▶ [Records provided]:
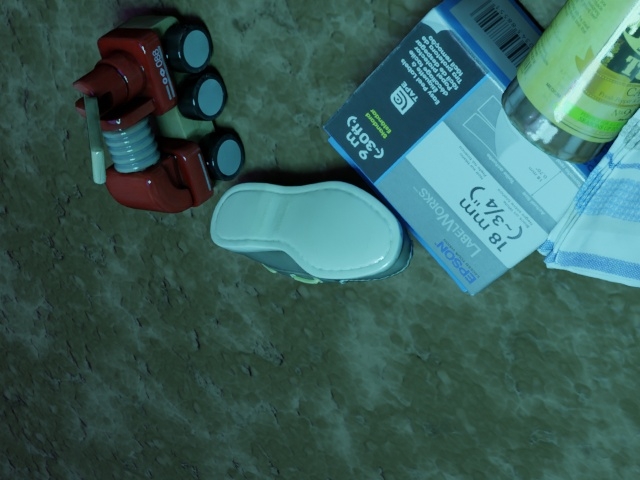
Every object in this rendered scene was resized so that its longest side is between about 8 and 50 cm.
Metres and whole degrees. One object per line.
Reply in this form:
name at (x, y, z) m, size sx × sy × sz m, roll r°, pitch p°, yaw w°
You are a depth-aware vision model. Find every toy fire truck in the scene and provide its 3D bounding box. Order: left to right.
toy fire truck at (-0.208, -0.114, 1.767) m, size 0.158 × 0.246 × 0.217 m, roll 8°, pitch 125°, yaw 38°

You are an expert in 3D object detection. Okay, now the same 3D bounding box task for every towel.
towel at (0.347, -0.047, 1.404) m, size 0.209 × 0.034 × 0.285 m, roll 13°, pitch 138°, yaw -14°

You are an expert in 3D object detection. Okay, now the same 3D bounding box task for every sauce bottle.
sauce bottle at (0.284, -0.217, 1.319) m, size 0.111 × 0.111 × 0.344 m, roll 41°, pitch 126°, yaw 10°

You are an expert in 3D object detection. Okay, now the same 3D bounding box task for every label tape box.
label tape box at (0.135, -0.077, 1.599) m, size 0.240 × 0.106 × 0.333 m, roll 48°, pitch 140°, yaw 2°

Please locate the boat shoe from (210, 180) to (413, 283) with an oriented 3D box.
boat shoe at (0.002, -0.004, 1.758) m, size 0.091 × 0.109 × 0.305 m, roll 29°, pitch 168°, yaw -40°
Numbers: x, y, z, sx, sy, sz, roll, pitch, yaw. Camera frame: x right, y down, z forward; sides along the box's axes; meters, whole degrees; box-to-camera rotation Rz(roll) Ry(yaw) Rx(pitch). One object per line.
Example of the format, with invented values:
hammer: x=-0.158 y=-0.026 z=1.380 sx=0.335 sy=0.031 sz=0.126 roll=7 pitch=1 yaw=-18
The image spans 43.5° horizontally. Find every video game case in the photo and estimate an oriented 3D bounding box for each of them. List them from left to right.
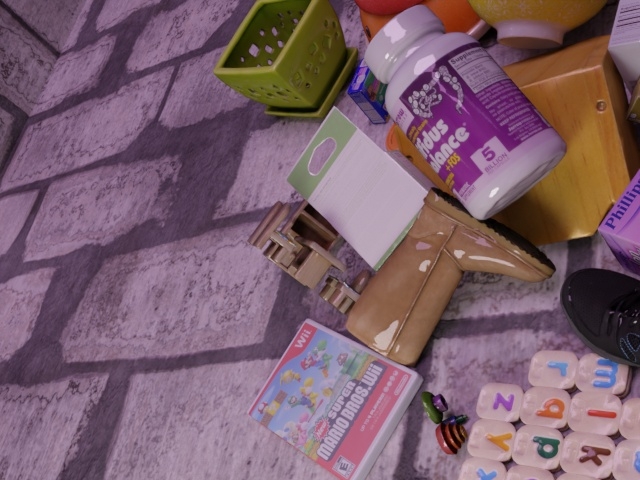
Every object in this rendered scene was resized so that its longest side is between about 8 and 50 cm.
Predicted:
video game case: x=0.016 y=0.262 z=1.346 sx=0.285 sy=0.025 sz=0.204 roll=20 pitch=74 yaw=48

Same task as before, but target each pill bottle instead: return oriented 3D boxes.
pill bottle: x=0.201 y=-0.192 z=1.173 sx=0.169 sy=0.169 sz=0.301 roll=-40 pitch=76 yaw=9

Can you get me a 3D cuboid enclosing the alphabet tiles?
alphabet tiles: x=0.322 y=0.281 z=1.064 sx=0.278 sy=0.021 sz=0.284 roll=-3 pitch=57 yaw=40

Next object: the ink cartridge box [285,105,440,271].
ink cartridge box: x=0.072 y=-0.088 z=1.347 sx=0.235 sy=0.056 sz=0.171 roll=46 pitch=120 yaw=18

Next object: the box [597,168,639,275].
box: x=0.538 y=-0.033 z=1.051 sx=0.213 sy=0.117 sz=0.243 roll=-53 pitch=40 yaw=-6

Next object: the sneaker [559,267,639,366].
sneaker: x=0.434 y=0.110 z=0.999 sx=0.125 sy=0.139 sz=0.341 roll=-39 pitch=41 yaw=-10

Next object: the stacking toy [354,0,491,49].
stacking toy: x=0.135 y=-0.605 z=1.582 sx=0.350 sy=0.480 sz=0.350 roll=-23 pitch=45 yaw=26

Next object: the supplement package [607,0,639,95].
supplement package: x=0.550 y=-0.314 z=1.205 sx=0.149 sy=0.194 sz=0.203 roll=0 pitch=58 yaw=40

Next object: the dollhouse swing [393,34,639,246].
dollhouse swing: x=0.358 y=-0.164 z=1.360 sx=0.347 sy=0.305 sz=0.315 roll=-13 pitch=92 yaw=33

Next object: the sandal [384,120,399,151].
sandal: x=0.208 y=-0.282 z=1.572 sx=0.265 sy=0.076 sz=0.102 roll=-47 pitch=40 yaw=1

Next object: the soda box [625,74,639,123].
soda box: x=0.541 y=-0.189 z=1.150 sx=0.181 sy=0.061 sz=0.058 roll=15 pitch=66 yaw=11

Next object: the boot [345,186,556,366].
boot: x=0.198 y=0.084 z=1.253 sx=0.236 sy=0.089 sz=0.269 roll=34 pitch=110 yaw=17

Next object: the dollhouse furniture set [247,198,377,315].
dollhouse furniture set: x=0.000 y=0.000 z=1.432 sx=0.161 sy=0.212 sz=0.242 roll=-53 pitch=13 yaw=-4

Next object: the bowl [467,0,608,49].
bowl: x=0.381 y=-0.429 z=1.430 sx=0.289 sy=0.289 sz=0.156 roll=10 pitch=95 yaw=45

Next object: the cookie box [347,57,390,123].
cookie box: x=0.112 y=-0.308 z=1.654 sx=0.040 sy=0.107 sz=0.092 roll=3 pitch=62 yaw=41

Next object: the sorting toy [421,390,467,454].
sorting toy: x=0.187 y=0.260 z=1.169 sx=0.042 sy=0.061 sz=0.102 roll=-31 pitch=58 yaw=18

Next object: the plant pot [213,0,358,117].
plant pot: x=-0.064 y=-0.401 z=1.806 sx=0.228 sy=0.207 sz=0.227 roll=12 pitch=68 yaw=45
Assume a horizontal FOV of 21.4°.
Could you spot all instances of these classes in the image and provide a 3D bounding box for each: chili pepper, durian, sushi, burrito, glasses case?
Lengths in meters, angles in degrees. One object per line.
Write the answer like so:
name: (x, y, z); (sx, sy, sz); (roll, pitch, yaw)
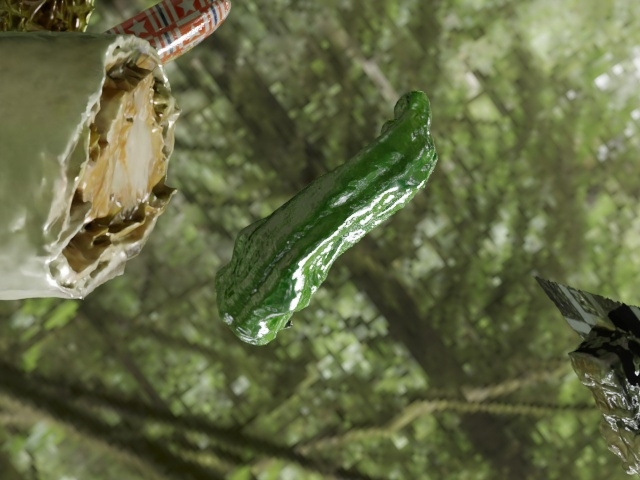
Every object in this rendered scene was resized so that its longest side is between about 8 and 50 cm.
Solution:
chili pepper: (-0.001, -0.005, 1.196); (0.257, 0.074, 0.100); (-41, 176, 34)
durian: (-0.296, -0.223, 1.664); (0.252, 0.144, 0.139); (-122, -140, -49)
sushi: (0.366, 0.226, 1.884); (0.100, 0.373, 0.296); (-41, -163, -9)
burrito: (-0.190, -0.029, 0.656); (0.299, 0.105, 0.143); (-4, -169, -14)
glasses case: (-0.166, -0.170, 1.509); (0.194, 0.049, 0.073); (-29, -175, -5)
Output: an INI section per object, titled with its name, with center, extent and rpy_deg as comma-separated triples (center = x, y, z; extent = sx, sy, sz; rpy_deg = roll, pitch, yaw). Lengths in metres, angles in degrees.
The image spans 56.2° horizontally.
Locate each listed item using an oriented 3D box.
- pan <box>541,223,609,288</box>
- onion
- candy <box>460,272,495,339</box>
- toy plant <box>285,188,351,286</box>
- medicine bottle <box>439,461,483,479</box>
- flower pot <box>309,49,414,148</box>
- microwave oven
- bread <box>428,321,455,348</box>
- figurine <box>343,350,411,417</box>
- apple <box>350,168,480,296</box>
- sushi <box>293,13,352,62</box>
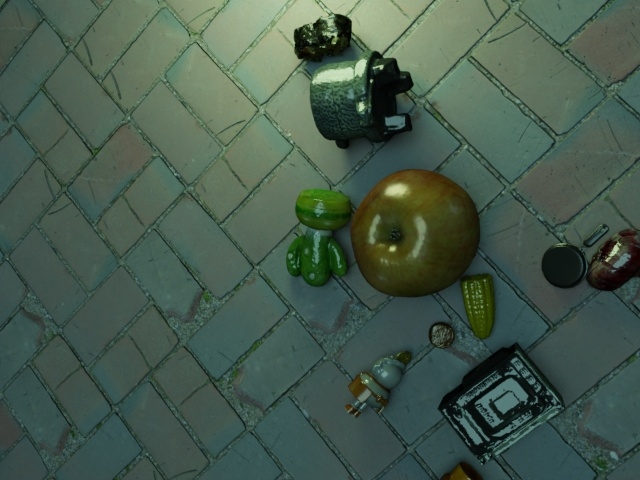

▶ [Assignment]: Restate the material above word for word, so that nothing changes except that the pictures are gone.

▶ [Result of this task]:
Every object in this rendered scene was resized so that its longest side is between about 8 and 50 cm.
Metres and whole degrees. One object per line.
Reply in this form:
name at (x, y, z) m, size sx × sy × sz m, roll r°, pitch p°, yaw w°
You are a depth-aware vision model. Find every toy fire truck in the scene and provide its 3D bounding box. Order: left to right.
toy fire truck at (-0.208, -0.114, 1.767) m, size 0.158 × 0.246 × 0.217 m, roll 8°, pitch 125°, yaw 38°

You are an expert in 3D object detection. Okay, now the same 3D bounding box task for every towel.
towel at (0.347, -0.047, 1.404) m, size 0.209 × 0.034 × 0.285 m, roll 13°, pitch 138°, yaw -14°

You are an expert in 3D object detection. Okay, now the same 3D bounding box task for every sauce bottle.
sauce bottle at (0.284, -0.217, 1.319) m, size 0.111 × 0.111 × 0.344 m, roll 41°, pitch 126°, yaw 10°

You are an expert in 3D object detection. Okay, now the same 3D bounding box task for every label tape box.
label tape box at (0.135, -0.077, 1.599) m, size 0.240 × 0.106 × 0.333 m, roll 48°, pitch 140°, yaw 2°

Please locate the boat shoe from (210, 180) to (413, 283) with an oriented 3D box.
boat shoe at (0.002, -0.004, 1.758) m, size 0.091 × 0.109 × 0.305 m, roll 29°, pitch 168°, yaw -40°
Numbers: x, y, z, sx, sy, sz, roll, pitch, yaw. Camera frame: x right, y down, z forward; sides along the box's axes; meters, whole degrees; box-to-camera rotation Rz(roll) Ry(yaw) Rx(pitch). One object per line.
Example of the format, with invented values:
hammer: x=-0.158 y=-0.026 z=1.380 sx=0.335 sy=0.031 sz=0.126 roll=7 pitch=1 yaw=-18
The image spans 43.5° horizontally. Find every video game case in the photo and estimate an oriented 3D bounding box for each of them. List them from left to right.
Every object in this rendered scene was resized so that its longest side is between about 8 and 50 cm.
Predicted:
video game case: x=0.016 y=0.262 z=1.346 sx=0.285 sy=0.025 sz=0.204 roll=20 pitch=74 yaw=48

Same task as before, but target each pill bottle instead: return oriented 3D boxes.
pill bottle: x=0.201 y=-0.192 z=1.173 sx=0.169 sy=0.169 sz=0.301 roll=-40 pitch=76 yaw=9

Can you get me a 3D cuboid enclosing the alphabet tiles?
alphabet tiles: x=0.322 y=0.281 z=1.064 sx=0.278 sy=0.021 sz=0.284 roll=-3 pitch=57 yaw=40

Next object: the ink cartridge box [285,105,440,271].
ink cartridge box: x=0.072 y=-0.088 z=1.347 sx=0.235 sy=0.056 sz=0.171 roll=46 pitch=120 yaw=18

Next object: the box [597,168,639,275].
box: x=0.538 y=-0.033 z=1.051 sx=0.213 sy=0.117 sz=0.243 roll=-53 pitch=40 yaw=-6

Next object: the sneaker [559,267,639,366].
sneaker: x=0.434 y=0.110 z=0.999 sx=0.125 sy=0.139 sz=0.341 roll=-39 pitch=41 yaw=-10

Next object: the stacking toy [354,0,491,49].
stacking toy: x=0.135 y=-0.605 z=1.582 sx=0.350 sy=0.480 sz=0.350 roll=-23 pitch=45 yaw=26

Next object: the supplement package [607,0,639,95].
supplement package: x=0.550 y=-0.314 z=1.205 sx=0.149 sy=0.194 sz=0.203 roll=0 pitch=58 yaw=40

Next object: the dollhouse swing [393,34,639,246].
dollhouse swing: x=0.358 y=-0.164 z=1.360 sx=0.347 sy=0.305 sz=0.315 roll=-13 pitch=92 yaw=33

Next object: the sandal [384,120,399,151].
sandal: x=0.208 y=-0.282 z=1.572 sx=0.265 sy=0.076 sz=0.102 roll=-47 pitch=40 yaw=1

Next object: the soda box [625,74,639,123].
soda box: x=0.541 y=-0.189 z=1.150 sx=0.181 sy=0.061 sz=0.058 roll=15 pitch=66 yaw=11

Next object: the boot [345,186,556,366].
boot: x=0.198 y=0.084 z=1.253 sx=0.236 sy=0.089 sz=0.269 roll=34 pitch=110 yaw=17

Next object: the dollhouse furniture set [247,198,377,315].
dollhouse furniture set: x=0.000 y=0.000 z=1.432 sx=0.161 sy=0.212 sz=0.242 roll=-53 pitch=13 yaw=-4

Next object: the bowl [467,0,608,49].
bowl: x=0.381 y=-0.429 z=1.430 sx=0.289 sy=0.289 sz=0.156 roll=10 pitch=95 yaw=45

Next object: the cookie box [347,57,390,123].
cookie box: x=0.112 y=-0.308 z=1.654 sx=0.040 sy=0.107 sz=0.092 roll=3 pitch=62 yaw=41

Next object: the sorting toy [421,390,467,454].
sorting toy: x=0.187 y=0.260 z=1.169 sx=0.042 sy=0.061 sz=0.102 roll=-31 pitch=58 yaw=18

Next object: the plant pot [213,0,358,117].
plant pot: x=-0.064 y=-0.401 z=1.806 sx=0.228 sy=0.207 sz=0.227 roll=12 pitch=68 yaw=45
Assume a horizontal FOV of 21.4°.
Could you spot all instances of these classes in the image and provide a 3D bounding box for each: chili pepper, durian, sushi, burrito, glasses case?
Lengths in meters, angles in degrees. One object per line.
Write the answer like so:
name: (x, y, z); (sx, sy, sz); (roll, pitch, yaw)
Every object in this rendered scene was resized so that its longest side is between about 8 and 50 cm.
Solution:
chili pepper: (-0.001, -0.005, 1.196); (0.257, 0.074, 0.100); (-41, 176, 34)
durian: (-0.296, -0.223, 1.664); (0.252, 0.144, 0.139); (-122, -140, -49)
sushi: (0.366, 0.226, 1.884); (0.100, 0.373, 0.296); (-41, -163, -9)
burrito: (-0.190, -0.029, 0.656); (0.299, 0.105, 0.143); (-4, -169, -14)
glasses case: (-0.166, -0.170, 1.509); (0.194, 0.049, 0.073); (-29, -175, -5)
Output: an INI section per object, titled with its name, with center, extent and rpy_deg as comma-separated triples (center = x, y, z; extent = sx, sy, sz; rpy_deg = roll, pitch, yaw). Lengths in metres, angles in degrees.
The image spans 56.2° horizontally.
Locate each listed item using an oriented 3D box.
- pan <box>541,223,609,288</box>
- onion
- candy <box>460,272,495,339</box>
- toy plant <box>285,188,351,286</box>
- medicine bottle <box>439,461,483,479</box>
- flower pot <box>309,49,414,148</box>
- microwave oven
- bread <box>428,321,455,348</box>
- figurine <box>343,350,411,417</box>
- apple <box>350,168,480,296</box>
- sushi <box>293,13,352,62</box>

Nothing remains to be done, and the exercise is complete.